I write this in the realization that the mass of “Grey Knights are overpowered” threads are bombarding the forums, and someone needs to level the playing field. I don’t in any way claim to be a master at this, but I have collected enough armies to see why certain armies are the way they are. I have collected Tau, Daemons, Space Wolfs, Old Grey Knights, New Grey Knights, Space Marines and Dark Angels. In turn I have helped friends in our LGS work on their armies as well.

I have come to realize the base points cost in any army book charges points for potential power as well as base cost. Here is a breakdown of Grey Knights vs Space Marines and why GK would seem overpowered.
At 200pts
SM= 10man team, plasma Rifle, Plasma cannon, Plasma pistol.
GK= 10man team

Now at ranged, the SM would win on average, even tho the GK would fire 20 rounds on the move, the SM squad out ranges with the cannon, and once the GK could fire the SM squad it putting out 2 AP2 weapon each turn. The closer the GK squad gets, the more damage they take. By average the GK squad should not be able to get into CC since taking 3-4 causalities per turn.

Now in the event that the GK have a rhino, the SM could change up to a lascannon and las-Razorback and drop the plasma pistol. Again the likely hood of GK getting close under two lascannons and once slogging after the Rhino is destroyed again will not make it into CC.

Now for 265pts the SM can take a 10man team, lascannon, plasma, Razorback w/lascannon. The spam of 1 TL las and 1 normal las.
Due to GK upgrade weapons only being 24” range, they have to get closer to do any real damage.

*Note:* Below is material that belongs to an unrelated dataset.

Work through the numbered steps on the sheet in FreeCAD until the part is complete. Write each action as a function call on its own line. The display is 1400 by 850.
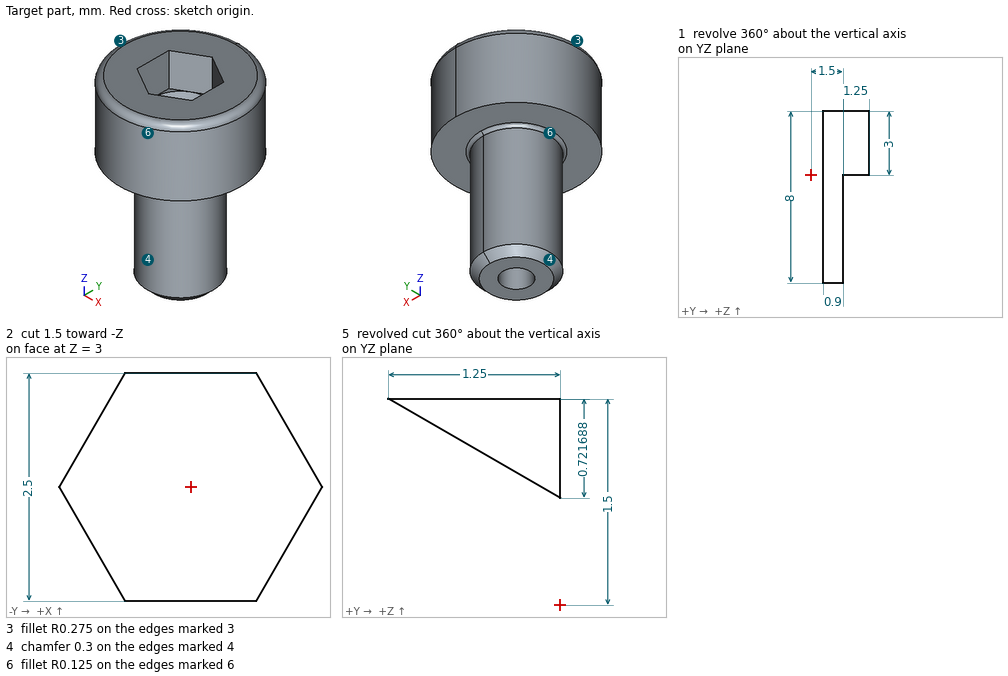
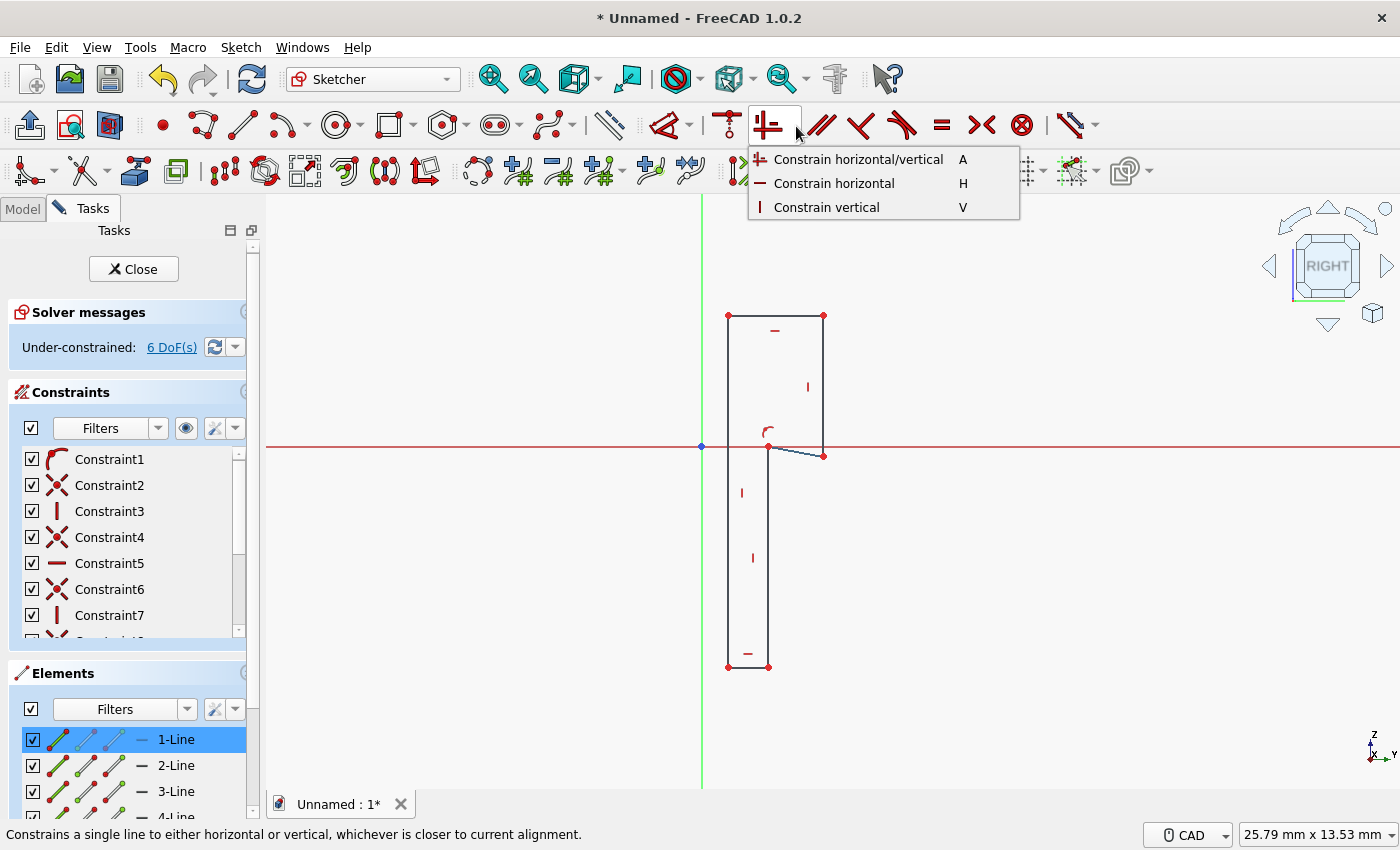
click(884, 183)

If the GK squad gets into CC then not counting charge, on average the GK will cause 5 causalities vs SM causing 2.5 per assault phase. 

Down to the Dreadnough Auto cannon spams. Now one on one the SM can field 2 ways for same or less pts, one being with just a lascannon, only needing a 3+ to glance the GK dreadnought armor, or with same load out of 2 auto cannons and needing a 5+ to glance with 10pts less on the price.
However the biggest counter to GK Dreadnought auto cannon spam is Assault Terminators, heres why.
For 3 Heavy choice Dreadnoughts armed with 2 Auto cannons you’re looking at 405pts. That brings 12 S8 shots at 48” of Transport popping goodness. However in our LGS a friend of mine counters with 1 10man squad of SS/TH terminators, in the first turn has scouts Infiltrate and bring a teleport homer. Whenever he gets the reserve roll passed he brings them in and starts to charge my Dreadnoughts, normally he hits them by turn 4, getting the reserve roll by turn 3. This isn’t the most affective tactic but it has made me split up my Dreadnoughts to the far corners of my DZ. His new trick is taking 6 Dreadnoughts (master of the forge) with drop pods and in the first turn bringing in 4 of them (taking two troops in Pods so his number is 8) and landing them as close as possible to mine. When I have taken 6 Auto cannon dreads I lose about 2-3 of them first turn, and in the turn he charges his Dreads vs mine it’s all over. At this point I have about 2 of his Dreads by turn 2 charging me, and 2 more coming in to help.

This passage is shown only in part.